I'm going to go out on a limb and say it either sounds bad
Well you can test it ... ? Although the samples are not that interesting ...
or is completely impractical for most use cases.
As of now? Sure.

Re: Descript Audio Codec (.dac) - 90x smaller than .wav?

Reply #22
... it's made a 40MB exe ...
This does not include the weights file which is ~300MB. The weights file contains the model data used to encode and decode the audio and is a necessity, and the model is not interchangeable. You have to use the same model to decode any encoded file.
Thanks for the analysis! Out of curiosity: could you 7zip (preset Ultra) that 40MB exe and 300MB weight file and let us know what file size comes out? That would be a rough estimate of how much room for reduction there is.

Thanks,

Chris

Happy to oblige!
dac.exe 41,865,797 bytes
dac.7z 41,456,443 bytes

weights.pth 306,720,768 bytes
weights.7z 278,740,892 bytes
rc55.com - nothing going on

Re: Descript Audio Codec (.dac) - 90x smaller than .wav?

Reply #23
I'm going to go out on a limb and say it either sounds bad
Well you can test it ... ? Although the samples are not that interesting ...
Ever since the "64 kbps WMA sounds as good as 128 kbps mp3" stuff, I don't trust a codec developer to not cherrypick a codec implementation that's subpar for the opposing format or cherrypick samples, or otherwise be somewhat dishonest in things like this.

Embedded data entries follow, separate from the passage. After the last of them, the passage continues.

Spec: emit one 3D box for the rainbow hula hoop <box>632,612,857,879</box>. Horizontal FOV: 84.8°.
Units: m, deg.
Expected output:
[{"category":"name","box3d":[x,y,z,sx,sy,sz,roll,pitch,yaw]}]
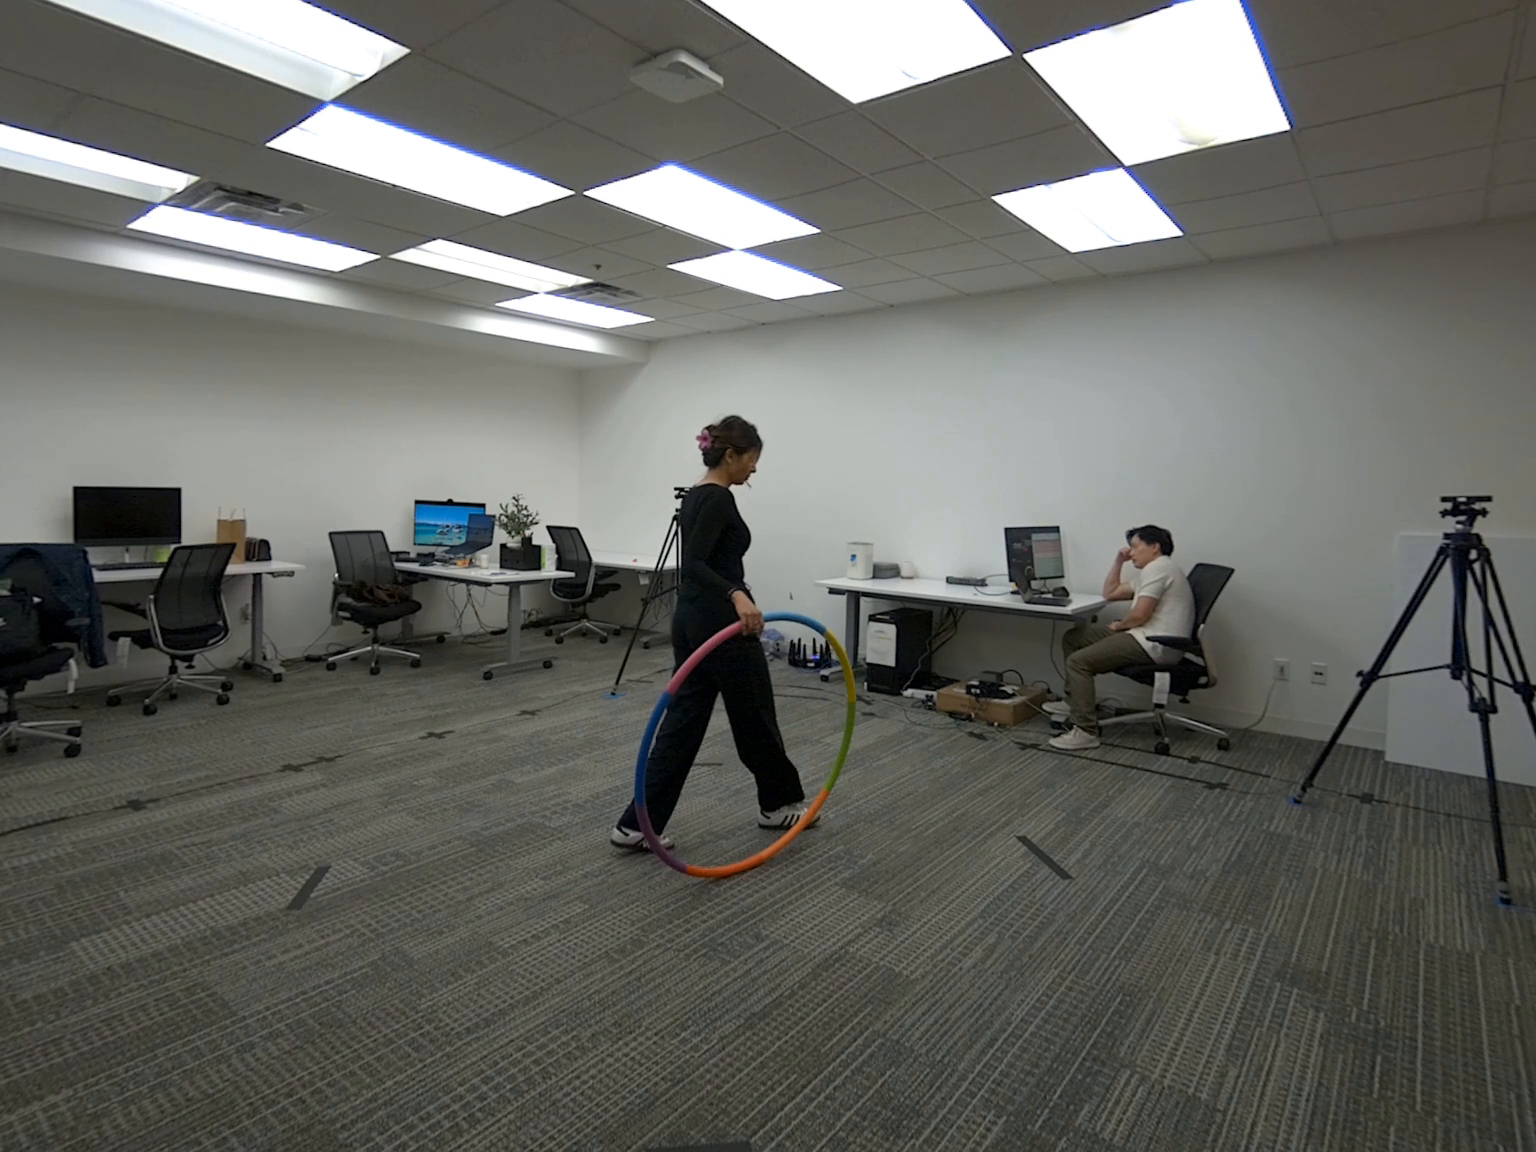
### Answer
[{"category":"rainbow hula hoop","box3d":[-0.060,0.597,3.000,0.950,0.970,0.037,-2,13,-38]}]
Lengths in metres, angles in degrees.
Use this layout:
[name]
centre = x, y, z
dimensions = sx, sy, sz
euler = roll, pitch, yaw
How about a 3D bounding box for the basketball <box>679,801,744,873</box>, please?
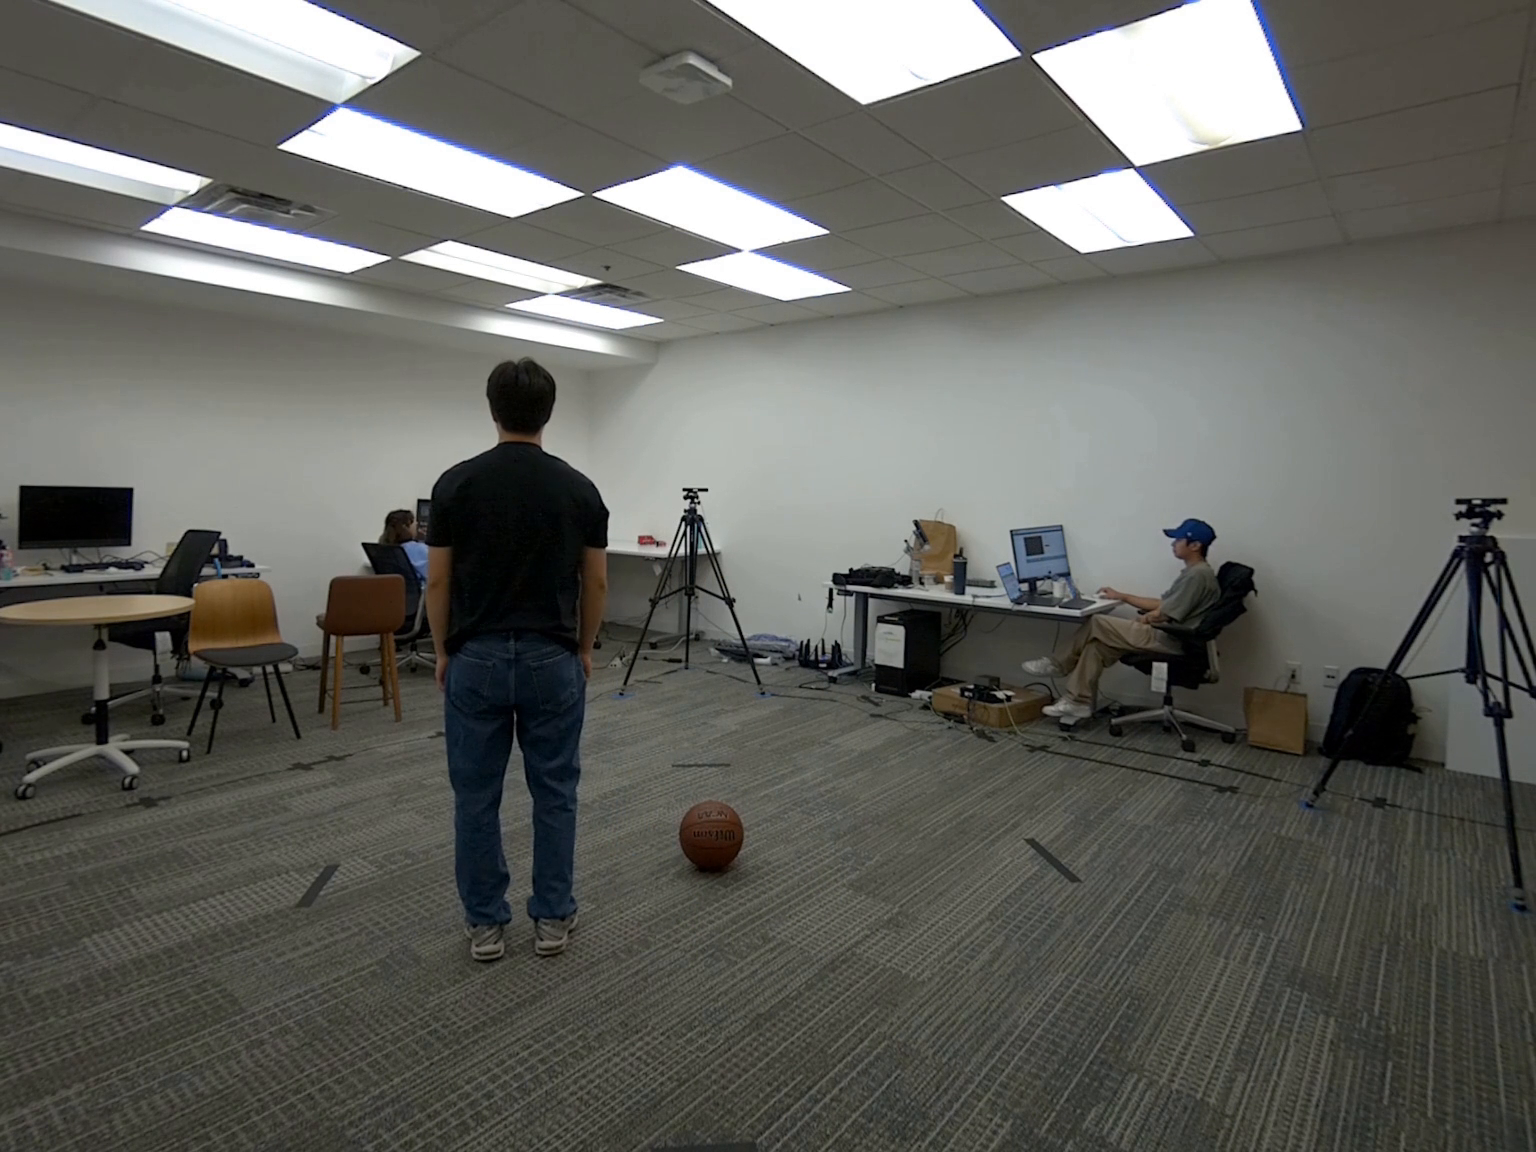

And it sounds like you currently need a nVidia GPU to work with this codec?  That's something I don't have to work with.

Re: Descript Audio Codec (.dac) - 90x smaller than .wav?

Reply #24
I'm going to go out on a limb and say it either sounds bad
Well you can test it ... ? Although the samples are not that interesting ...
Ever since the "64 kbps WMA sounds as good as 128 kbps mp3" stuff, I don't trust a codec developer to not cherrypick a codec implementation that's subpar for the opposing format or cherrypick samples, or otherwise be somewhat dishonest in things like this.

And it sounds like you currently need a nVidia GPU to work with this codec?  That's something I don't have to work with.

You're right to distrust 1st party benchmarks always.

The following is vague guessing because I only have vague awareness of the tech, so pinch of salt:

There appears to be a CPU and GPU mode so you can run on the CPU, but likely the GPU mode is CUDA which is proprietary nvidia lock-in tech. It may be possible for AMD GPU's to run the cuda code (or a reasonably simple port job of it to hip) using rocm. On the other hand the repo contains mostly python (albeit it does reference cuda), the readme makes reference to torchrun which is presumably pytorch and I know Pytorch works on AMD, so maybe it wouldn't take too much for AMD GPU's to work. intel dGPU's I have less of a clue, they have oneAPI that they're trying to push as an interoperable standard, and apparently can also do pytorch. If you have AMD/intel GPU's and want to try then godspeed, it's likely the way of pain even if it is possible.